Expanding synthetic biology’s toolkit for creating genetic circuits

Engineers design new proteins that can help control novel synthetic genetic circuits in cells
August 3, 2012

Synthetic biology (credit: Christine Daniloff/iMol)

Background

By assembling genetic components into “circuits” that perform logical operations in living cells, synthetic biologists aim to artificially empower cells to solve critical problems in medicine, energy and the environment.

Achieving these complex functions requires controlling many genetic and cellular components, including not only genes but also the regulatory proteins that turn them on and off. In a living cell, proteins called transcription factors often regulate that process.

Achieving these complex functions requires controlling many genetic and cellular components, including not only genes but also the regulatory proteins that turn them on and off. In a living cell, proteins called transcription factors often regulate that process.

So far, most researchers have designed their synthetic circuits using transcription factors found in bacteria. However, these don’t always translate well to nonbacterial cells and can be a challenge to scale, making it harder to create complex circuits, says Timothy Lu, assistant professor of electrical engineering and computer science and a member of MIT’s Research Laboratory of Electronics.

New method

Now a new method developed by Boston University biomedical engineers Ahmad S. Khalil and James J. Collins — and collaborators at Harvard Medical School, Massachusetts General Hospital and MIT — could significantly increase the number of genetic components in the synthetic biologists’ toolkit and, as a result, the size and complexity of the genetic circuits they can build.

The development could dramatically enhance their efforts to understand how biological organisms behave and develop and also to reprogram them for a variety of practical applications.

The method offers a new paradigm for constructing and analyzing genetic circuits in eukaryotes — or organisms whose cells contain nuclei, which include everything from yeasts to humans. Instead of constructing these circuits with off-the-shelf parts from bacteria and porting them into eukaryotes, as most synthetic biologists do, Khalil and his collaborators have engineered these circuits using modular, functional parts from the eukaryotes themselves.

Building synthetic genetic circuits

boston_synthetic_tfs

Constructing circuits using synthetic transcription factors (credit: Ahmad S. Khalil, Timothy K. Lu, Caleb J. Bashor, Cherie L. Ramirez, Nora C. Pyenson, J. Keith Joung, James J. Collins/Cell)

Recent advances in designing proteins that bind to DNA gave the researchers the boost they needed to start building a new library of transcription factors. The research team built their synthetic genetic circuit parts from “zinc fingers” — proteins that can be programmed to bind desired DNA sequences.

Cartoon representation of a protein (blue) containing three zinc fingers in complex with DNA (orange) (credit: Wikimedia Commons)

The modularity of the new parts enables a wide range of functions to be engineered.

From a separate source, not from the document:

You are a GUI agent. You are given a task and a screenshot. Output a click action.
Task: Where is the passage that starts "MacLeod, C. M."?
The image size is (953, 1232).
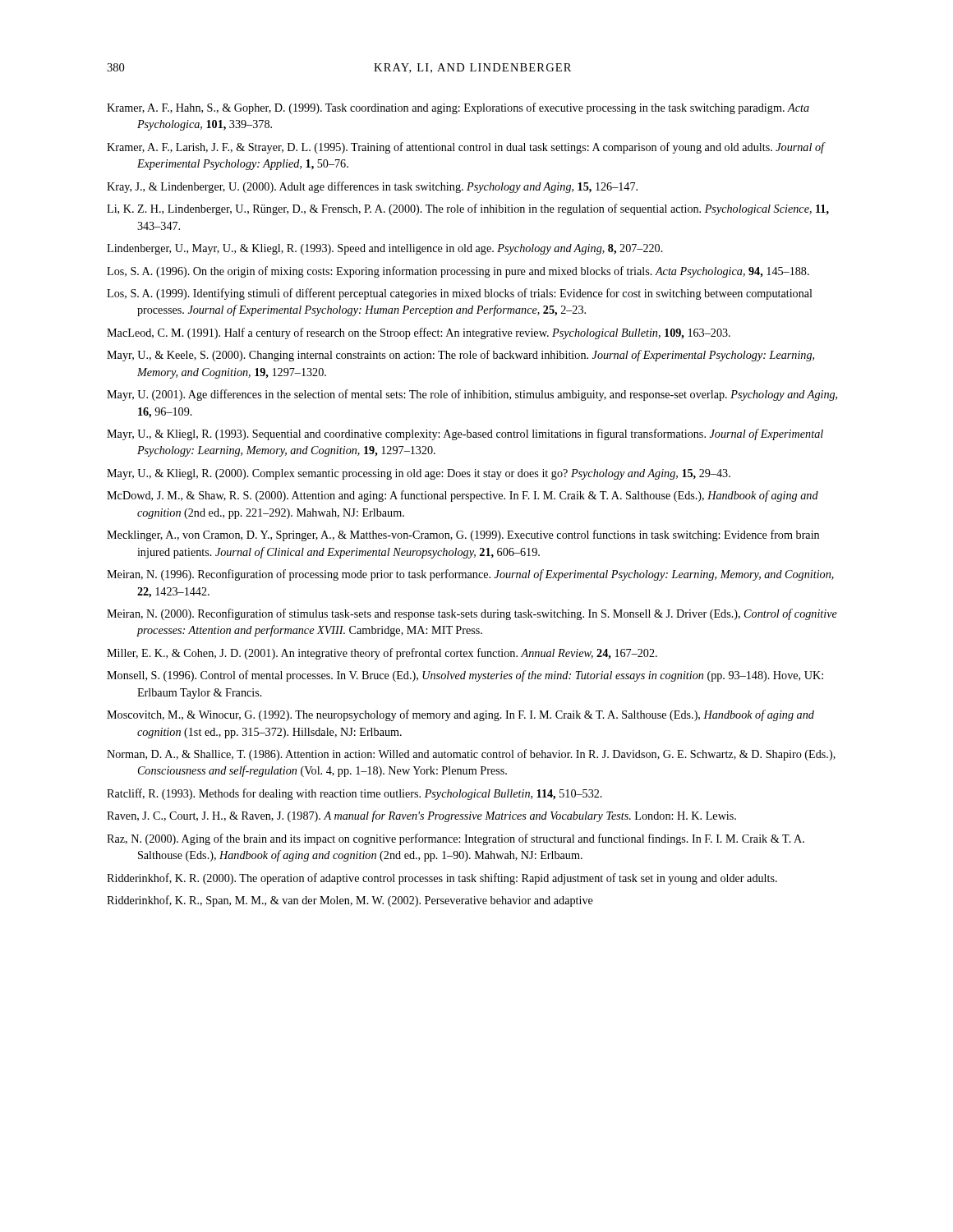pos(419,333)

It also allows for constructing much larger and more complex genetic circuits than what’s now possible with bacteria-based parts, and ultimately, develop much more powerful applications.

Synthetic biology circuits can be analog or digital, just like electrical circuits. Digital circuits include logic functions such as AND and OR gates, which allow cells to make unequivocal decisions such as whether to undergo programmed cell suicide.

Analog functions are useful for sensors that take continuous measurements of a specific molecule in the cell or its environment. By combining those circuits, researchers can create more complex systems in which a digital decision is triggered once the sensor reaches a certain threshold.

Applications

“Our research may lead to therapeutic applications, such as the dynamic modification and control of genes and genetic networks that are important in human disease,” said Khalil. Potential medical applications include stem cell therapeutics for a wide variety of injuries and diseases and in-cell devices and circuits for diagnosing early stages of cancer and other diseases. The new method may also equip groups of cells to perform higher-order computational tasks for processing signals in the environment in sensing applications.

The research was funded by the Howard Hughes Medical Institute, National Institutes of Health, the Office of Naval Research, the Defense Advanced Research Projects Agency and the National Science Foundation.